# Boss Elite 10.1" CarPlay/Andriod Auto head unit



## JI808 (Nov 20, 2013)

I had read about these twice and decided to pick one up for my beater work truck.

After a 9hr road trip I didn't completely hate it. A little boomy, but a lot of people would like it.

Grabbed another to bench test. I figured I'd shoot video


----------



## Isaradia (Apr 14, 2020)

ive been told, but cant confirm, that theyre a relabel, and about the cheapest version of the product, so they inherently have a bit of "bang for the buck" if thats all youre looking for. not for me though.


----------



## JI808 (Nov 20, 2013)

Isaradia said:


> ive been told, but cant confirm, that theyre a relabel, and about the cheapest version of the product, so they inherently have a bit of "bang for the buck" if thats all youre looking for. not for me though.


Yup, as I said in the video I had read and been told about them as well.

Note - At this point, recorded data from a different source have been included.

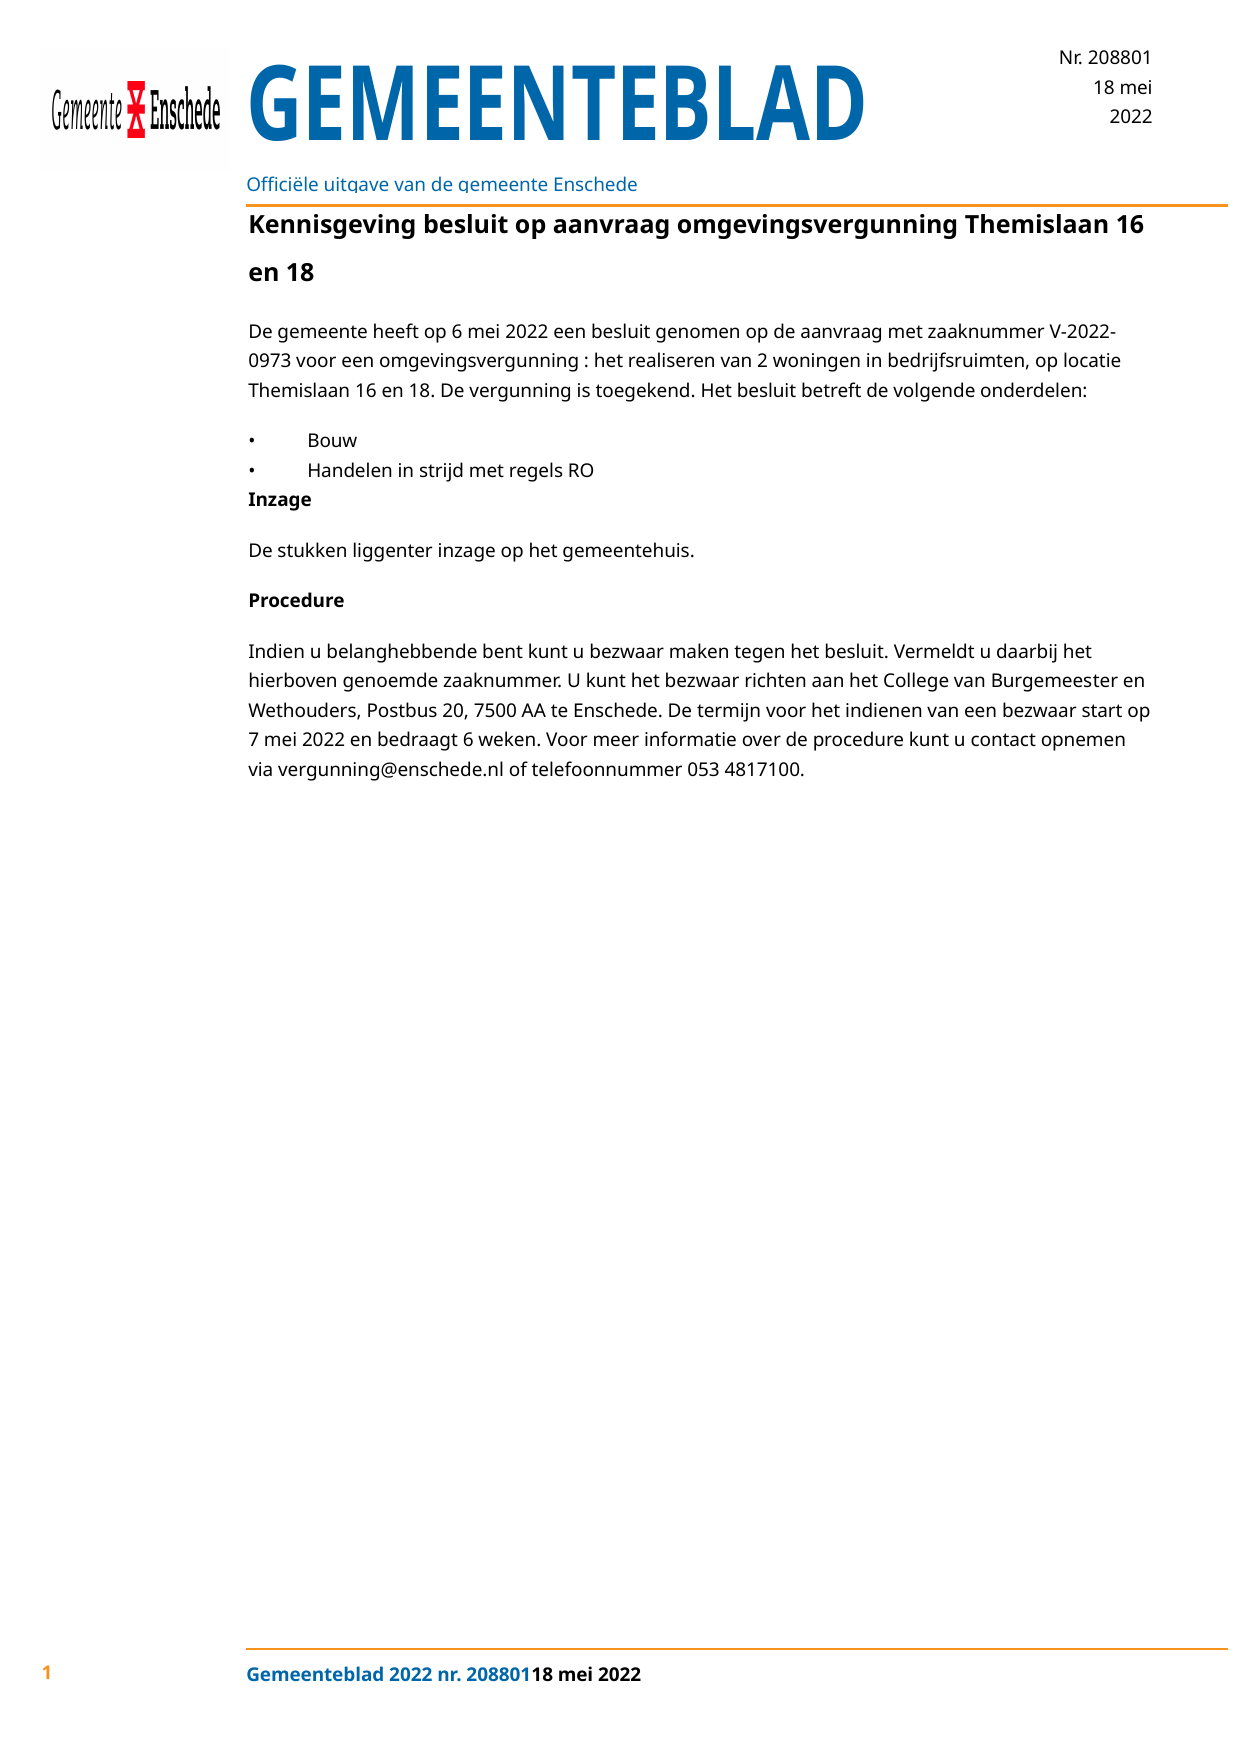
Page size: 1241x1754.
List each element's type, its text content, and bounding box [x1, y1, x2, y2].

text Procedure [248, 587, 1152, 613]
text Kennisgeving besluit op aanvraag omgevingsvergunning Themislaan 16 en 18 [248, 207, 1152, 288]
list Handelen in strijd met regels RO [248, 457, 1152, 483]
picture [41, 47, 231, 172]
text De stukken liggenter inzage op het gemeentehuis. [248, 537, 1152, 563]
list Bouw [248, 427, 1152, 453]
text Indien u belanghebbende bent kunt u bezwaar maken tegen het besluit. Vermeldt u daarbij het hierboven genoemde zaaknummer. U kunt het bezwaar richten aan het College van Burgemees­ter en Wethouders, Postbus 20, 7500 AA te Enschede. De termijn voor het indienen van een bezwaar start op 7 mei 2022 en bedraagt 6 weken. Voor meer informatie over de procedure kunt u contact opnemen via vergunning@enschede.nl of telefoonnummer 053 4817100. [248, 638, 1152, 782]
text Inzage [248, 487, 1152, 512]
text De gemeente heeft op 6 mei 2022 een besluit genomen op de aanvraag met zaaknummer V-2022-0973 voor een omgevingsvergunning : het realiseren van 2 woningen in bedrijfsruimten, op locatie Themislaan 16 en 18. De vergunning is toegekend. Het besluit betreft de volgende onderdelen: [248, 318, 1152, 403]

My solution was to get hands-on, put it in my truck and actually use it, and then test it on the bench.

I'm the type that doesn't blindly believe everything I hear or read. I have to have hands-on experience before I'll have an opinion on a product.


For me it's a great radio for the application in which it'll be used.


----------



## Jroo (May 24, 2006)

I know a few that have used it. It really depends on the application as mentioned. My barber just put one in his Impala SS. He loves it but is the power acoustik/rockville type of guy. Not a slam on the products but he has a price point in mind. It has a large screen, apple play, bt, all the stuff he wanted and was something like 250 bucks cheaper than the cheapest offering he could find in that screen size.


----------



## JI808 (Nov 20, 2013)

Jroo said:


> I know a few that have used it. It really depends on the application as mentioned. My barber just put one in his Impala SS. He loves it but is the power acoustik/rockville type of guy. Not a slam on the products but he has a price point in mind. It has a large screen, apple play, bt, all the stuff he wanted and was something like 250 bucks cheaper than the cheapest offering he could find in that screen size.


If it's a daily driver I have no issue using it, but I wouldn't put it in my competition car.

For the price it's tough to beat.


----------



## OldOneEye (Jun 16, 2005)

I just bought this same radio directly from Boss Audio. To be honest, I wanted to get a larger form factor since I'm old and bigger is always better.

I can't comment on a lot of the features because I haven't really used all of them but here are my impressions from having it in my 2005 Scion TC for a week mounted in the stock location:

1. It's big. To the point that I _might_ have wished i had gone with the 9" version that is very similar. One or two notches up and I'm covering the dials for the upper HVAC vents and the radio is blocking them. One or two notches down and I'm covering up some of the HVAC display. I was lucky where it fit just right.
2. I'm glad it's adjustable up and down, left and right. If not, you might find yourself getting a weird glare (which I've had with some of the 7" CarPlay screens in other cars). Also, it stays in place. I was worried it might bounce around so before i put it in I was worried that it might move around if I hit a bump. No worries on that end.
3. It has a volume knob. I can't say how much I hate ones with volume up and down now that I've used the volume knob.
4. The override is simply ground the parking brake wire. On some you have to buy a special little box and hope you wire it right. No worries here.
5. Anecdotally it supposed to be reliable. I used to work at an online retailer that sold lots of Boss Audio. They had amplifiers with 5 year warranties and considering their target market, not a ton of them went back to us for warranty. I also checked in with a former coworker who is still in the industry and he said "we sell a ton, and they don't come back". Seems simple I guess. They are in a lot of retailers so if they weren't reliable, they wouldn't be. I know lots of people like screaming the stuff isn't high end, but neither is McDonalds. But somehow you tell people you had a Big Mac (or Boss Audio) they instinctively have to tell you other people make better stuff. I get it, 5 Guys is a better burger, but I'm at McDonald's for a reason. I know what I'm getting, and they meet my expectations. 
6. Screen comes off if you really want to. Not sure I want to do that too often. But it does.
7. Screen is high resolution enough for my needs. Again, I'm not watching anything besides CarPlay stuff, so no video in so can't comment. But for my needs it gets the job done. 
8. Running the built in amp, it seems to be loud enough. Going to be adding an amp later, but I had to get the radio in ASAP since I was tired of the old one.
9. Warranty is good. 2 or 3 year I believe. 

Going to be adding an amp (the JBL DSP4086) and some other drivers. It's going in a commuter so I was on a tight budget. Just wanted something to fill the holes and play around.


----------